Park-Jun claim that their method has run time complexity “$O(nk)$ which is equivalent to K-means clustering”. Yet the pseudocode in the paper begins with the clearly quadratic requirement “calculate the distance between every pair of all objects..”

Step 3 of the algorithm is also quadratic. The medoid of a set of m points is computed in time $O(m^2)$. Given m points the medoid must be one of them, so it suffices to compute, for each point, the sum of the distances to the others ($m \times m$ additions) and a medoid is then identified by taking the minimum. Furthermore, without assumptions on the structure of the distance matrix there cannot be a faster algorithm (with the triangle inequality the medoid can be computed in $O(n^{\frac{3}{2}}$).
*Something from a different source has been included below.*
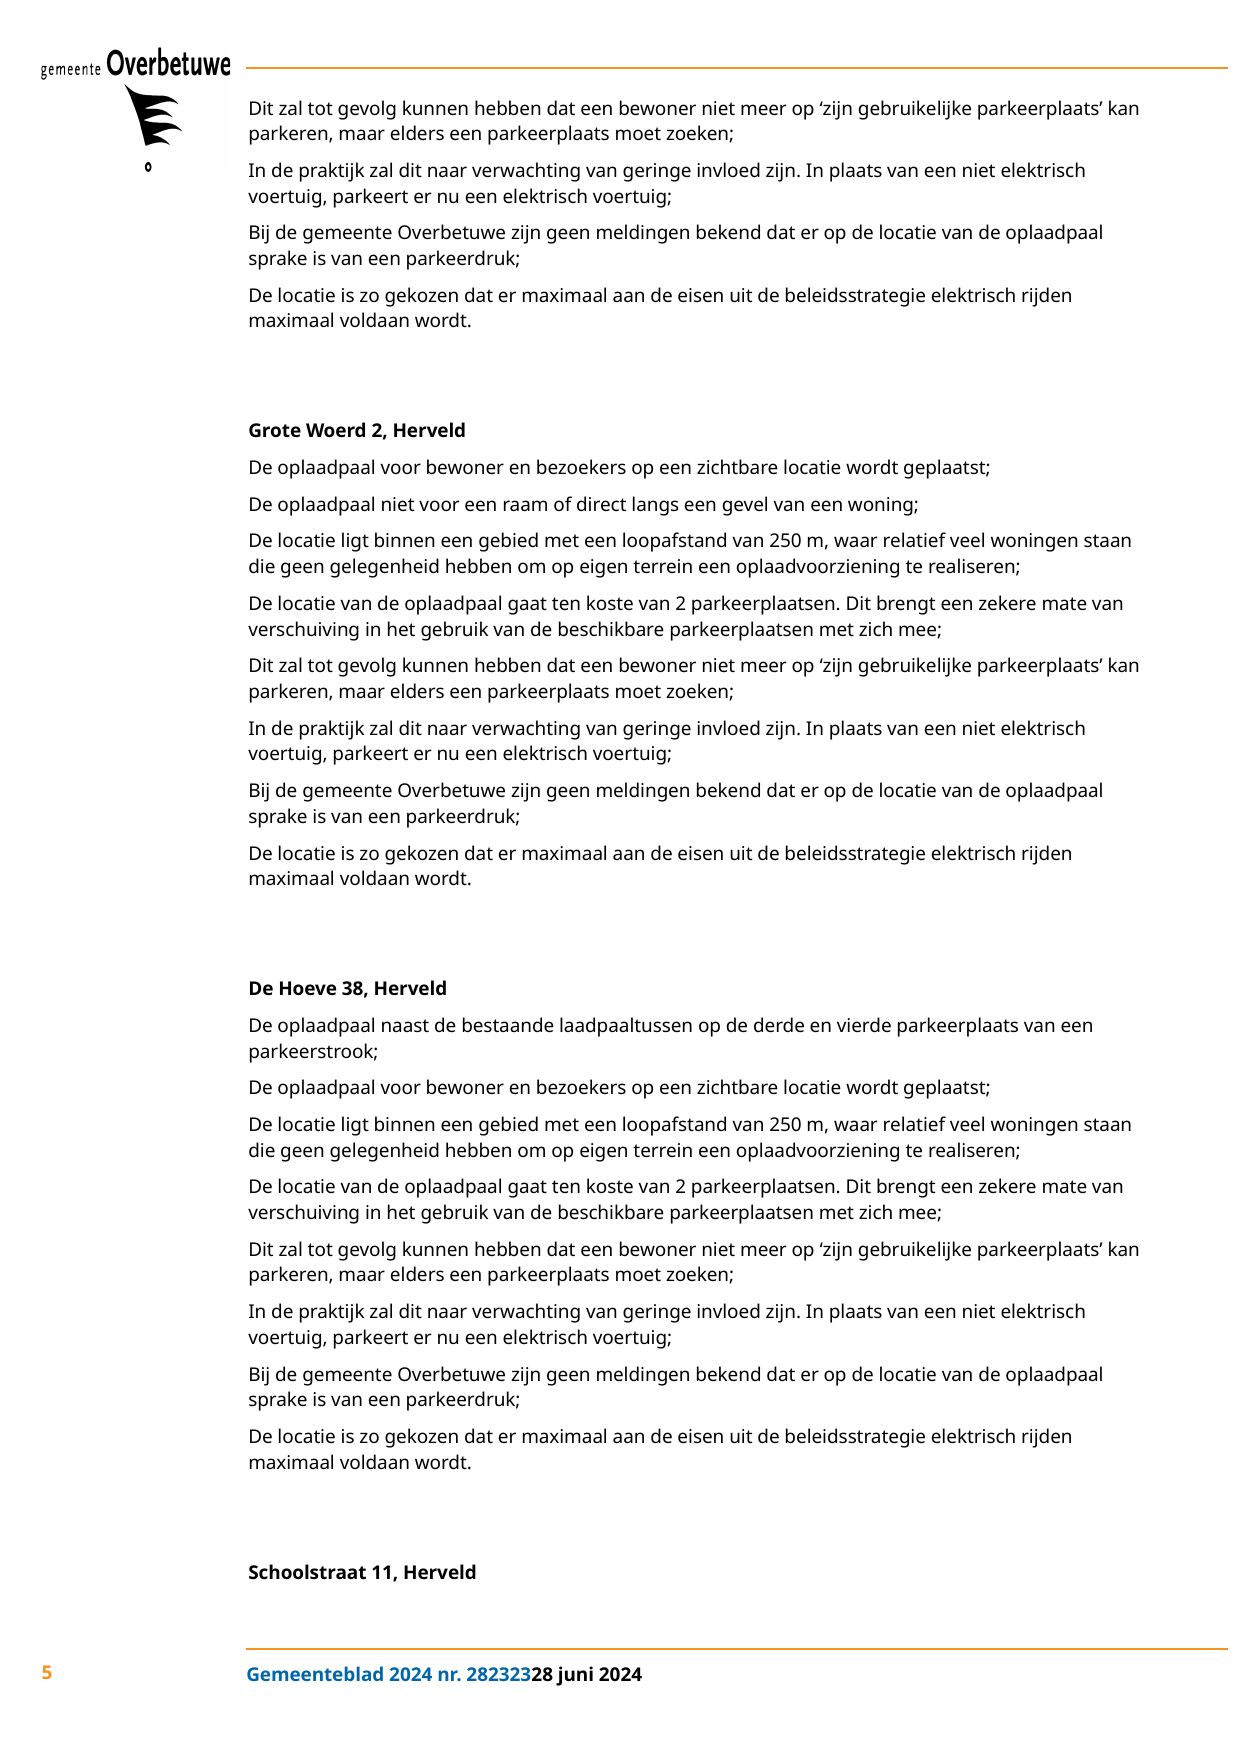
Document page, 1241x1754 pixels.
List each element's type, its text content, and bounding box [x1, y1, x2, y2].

Quadratic functions are not linear. If they were, it would mean that, with $a,b \neq 0$$ax^2=bx \mbox{ for all } x$. If that were the case then

$ax^2=bx$

$\Rightarrow ax^2-bx=0$ for all x.

Assuming that a is positive and plugging in $x=\frac{b-\sqrt{b^2+4a}}{2a}$ one would obtain that $ax^2-bx=1$ and it would follow that

$0=1$.

When reading the paper, it was upon noticing this “result” that negative grading came to mind. With a proof that 0=1 we are at, say, a score of -10 for the paper. Turning to the discussion of Fig. 3 of the paper we read that “…the proposed method takes about constant time near zero regardless of the number of objects.”

I suppose a generous reading of this statement is that it is an allusion to Taylor expansion of the polynomial $f(x)=x^2$ around $x=0$. A less generous interpretation is that the figure is deliberately misleading, intended to show linear growth with slope close to zero for what is a quadratic function. I decided to be generous and grade this a -5, leading to a running total of -15.

It seems the authors may have truly believed that their algorithm was linear because in the abstract they begin with “This paper proposes a new algorithm for K-medoids clustering which runs like the K-means algorithm”. It seems possible that the authors thought they had bypassed what they viewed as the underlying cause for quadratic running time of the PAM algorithm, namely the quadratic swap. The K-means algorithm (Lloyd’s algorithm) is indeed linear, because the computation of the mean of a set of points is linear in the number of points (the values for each coordinate can be averaged separately). However the computation of a medoid is not the same as computation of the mean. -5, now a running total of20. The actual running time of the Park-Jun algorithm is shown below:

Replicates on different instances are crucial, because absent from running time complexity calculations are the stopping times which are data dependent. A replicate of Figure 3 is shown below (using the parameters in Table 5 and implementations in MATLAB). The Park-Jun method is called as “small” in MATLAB.

Interestingly, the MATLAB implementation of PAM has been sped up considerably. Also, the “constant time near zero” behavior described by Park and Jun is clearly no such thing. For this lack of replication of Figure 3 another deduction of 5 points for a total of -25.

There is not much more to the Park and Jun paper, but unfortunately there is some. Table 6 shows a comparison of K-means, PAM and the Park-Jun method with true clusters based on a simulation:

The Rand index is a measure of concordance between clusters, and the higher the Rand index the greater the concordance. It seems that the Park-Jun method is slightly better than PAM, which are both superior to K-means in the experiment. However the performance of K-means is a lot better in this experiment than suggested by Figure 2 which was clearly (rotten) cherry picked (Fig2b):

For this I deduct yet another 5 points for a total of -30.

Amazingly, the Park and Jun paper has been cited 479 times. Many of the citations propagate the false claims in the paper, e.g. in referring to Park and Jun, Zadegan et al. write “in each iteration the new set of medoids is selected with running time O(N), where N is the number of objects in the dataset”.  The question is, how many negative points is the repetition of false claims from a paper that is filled with false claims worth?